For the Naïve Bayes classifier, we chose to use the Complement Naïve Bayes due to its ability to handle imbalanced classes in the target feature. We used a train-test-split ratio of 80/20 because it yielded the highest accuracy of any ratio we tested, without overfitting the model too much. We then applied a minmax scalar because the model only accepts positive values as input. After that we did a grid search to perform hyperparameter tuning on the only hyperparameter in a complement naïve Bayes model, using accuracy as our scoring metric. 

In [9]:
# Drop highly correlated variables
# 0.9 Threshold as described in Milestone 3

# Histogram mode and median highly correlate with hisogram mean
df.drop(['histogram_median', 'histogram_mode', ], axis=1, inplace=True)

In [10]:
# seperate target feature
X = df.drop(['fetal_health'], axis=1)
y = df['fetal_health']

In [11]:
# Splitting the data into train and test sets
X_train, X_test, y_train, y_test = train_test_split(X, y, test_size = 0.20, random_state=0)

In [12]:
# Scaling
scaler = MinMaxScaler()
# I had to use this particular scalar because of negative numbers error
X_train = scaler.fit_transform(X_train)
X_test = scaler.transform(X_test)

### Hyperparameter Tuning for Model Training

In [13]:
# gridsearch values
grid_vals = {"alpha": [0.1, 0.2, 0.3, 0.4, 0.5, 0.6, 0.7, 0.8, 0.9, 
                       1, 2, 3, 4, 5, 6, 7, 8, 9, 
                      10, 11, 12, 13, 14, 15, 16, 17, 18, 19,
                      20, 21, 22, 23, 24, 25, 26, 27, 28, 29,
                      30, 31, 32, 33, 34, 35, 36, 37, 38, 39,
                      40, 41, 42, 43, 44, 45, 46, 47, 48, 49,
                      50, 51, 52, 53, 54, 55, 56, 57, 48, 59,
                      60, 61, 62, 63, 64, 65, 66, 67, 68, 69,
                      70, 71, 72, 73, 74, 75, 76, 77, 78, 79,
                      80, 81, 82, 83, 84, 85, 86, 87, 88, 89,
                      90, 91, 92, 93, 94, 95, 96, 97, 98, 99, 100]}

In [14]:
# gridsearch model
grid_lr = GridSearchCV(estimator=ComplementNB(), param_grid=grid_vals, scoring='accuracy', 
                       cv=6, refit=True, return_train_score=True) 

In [15]:
#Training and Prediction
tuned_classifier = grid_lr.fit(X_train, y_train)
tuned_preds = grid_lr.best_estimator_.predict(X_test)

In [16]:
# Print the tuned parameters and score
print("Tuned Gaussian NB Parameter: {}".format(grid_lr.best_params_))

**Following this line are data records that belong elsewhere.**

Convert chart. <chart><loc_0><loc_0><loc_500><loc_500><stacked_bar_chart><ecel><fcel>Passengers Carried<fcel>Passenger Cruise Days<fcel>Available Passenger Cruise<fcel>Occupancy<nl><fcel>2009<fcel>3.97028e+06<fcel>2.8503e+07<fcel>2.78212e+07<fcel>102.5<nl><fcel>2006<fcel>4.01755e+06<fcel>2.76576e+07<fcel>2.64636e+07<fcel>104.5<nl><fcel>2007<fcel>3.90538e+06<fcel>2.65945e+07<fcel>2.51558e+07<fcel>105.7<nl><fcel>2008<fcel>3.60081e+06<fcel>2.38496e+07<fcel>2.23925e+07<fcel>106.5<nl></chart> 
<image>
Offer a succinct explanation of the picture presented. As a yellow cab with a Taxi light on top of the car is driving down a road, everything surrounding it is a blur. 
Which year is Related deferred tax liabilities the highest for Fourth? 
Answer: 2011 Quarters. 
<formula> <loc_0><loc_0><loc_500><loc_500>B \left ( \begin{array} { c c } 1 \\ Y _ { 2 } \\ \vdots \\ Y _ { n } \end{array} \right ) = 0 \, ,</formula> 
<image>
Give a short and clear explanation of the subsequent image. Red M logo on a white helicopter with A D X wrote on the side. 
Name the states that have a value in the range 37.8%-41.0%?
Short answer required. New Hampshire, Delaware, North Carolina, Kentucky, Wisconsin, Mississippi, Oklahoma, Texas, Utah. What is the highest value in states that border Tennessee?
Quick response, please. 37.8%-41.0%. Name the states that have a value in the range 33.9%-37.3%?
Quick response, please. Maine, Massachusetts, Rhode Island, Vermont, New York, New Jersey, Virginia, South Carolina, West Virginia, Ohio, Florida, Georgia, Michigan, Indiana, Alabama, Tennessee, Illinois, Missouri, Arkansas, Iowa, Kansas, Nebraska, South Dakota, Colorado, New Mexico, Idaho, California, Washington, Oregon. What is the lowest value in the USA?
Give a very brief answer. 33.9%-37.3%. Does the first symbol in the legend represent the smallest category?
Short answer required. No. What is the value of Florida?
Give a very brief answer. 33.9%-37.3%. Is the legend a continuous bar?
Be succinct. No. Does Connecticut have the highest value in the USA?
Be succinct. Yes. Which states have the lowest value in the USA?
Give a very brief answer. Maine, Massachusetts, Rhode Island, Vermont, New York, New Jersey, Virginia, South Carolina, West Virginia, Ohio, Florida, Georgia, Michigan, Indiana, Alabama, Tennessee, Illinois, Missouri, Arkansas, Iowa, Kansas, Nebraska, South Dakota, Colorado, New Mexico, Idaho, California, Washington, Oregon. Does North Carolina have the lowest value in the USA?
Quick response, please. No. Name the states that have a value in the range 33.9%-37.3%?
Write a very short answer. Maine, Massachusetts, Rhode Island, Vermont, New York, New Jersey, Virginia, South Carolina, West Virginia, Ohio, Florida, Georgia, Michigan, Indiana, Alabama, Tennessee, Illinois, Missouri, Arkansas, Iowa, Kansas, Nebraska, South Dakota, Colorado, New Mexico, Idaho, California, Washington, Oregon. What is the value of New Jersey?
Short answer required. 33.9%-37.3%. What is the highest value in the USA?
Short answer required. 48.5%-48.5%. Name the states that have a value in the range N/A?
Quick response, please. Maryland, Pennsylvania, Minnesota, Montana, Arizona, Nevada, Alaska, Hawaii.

Tuned Gaussian NB Parameter: {'alpha': 49}


### Evaluation

In [17]:
# cross validate
scores3 = cross_validate(tuned_classifier, X_train, y_train, return_train_score=True)
scores_df3 = pd.DataFrame(scores3)

In [18]:
scores_df3.mean()
# Looks like we could be over fitting but the model is performing better than null

fit_time       1.152596
score_time     0.000000
test_score     0.847059
train_score    0.850147
dtype: float64

In [19]:
# Print the Confusion Matrix
cm = confusion_matrix(y_test, tuned_preds)
conf_mat = pd.DataFrame(get_tpr_fnr_fpr_tnr(cm)).transpose()
conf_mat

Unnamed: 0,TPR,FNR,FPR,TNR
1,0.892638,0.107362,0.3,0.7
2,0.534483,0.465517,0.105978,0.894022
3,0.595238,0.404762,0.026042,0.973958


In evaluation of the complement naïve Bayes model, we primarily used accuracy but also looked more closely at false positive rates, false negative rates, true positive rates, and true negative rates. For the test data, the average accuracy was approximately 84.7% and for the test data the average accuracy was approximately 85%. This could imply some overfitting is happening with this model. But when we look more closely at the true positive rates for each of the categorical outcomes, we do have some serious concerns. It appears that this model is very accurate at predicting healthy outcomes, with an accuracy of 89%, but much worse at correctly predicting other fetal health outcomes. Since that is really the purpose of this model, we conclude that this model is not suitable for deployment.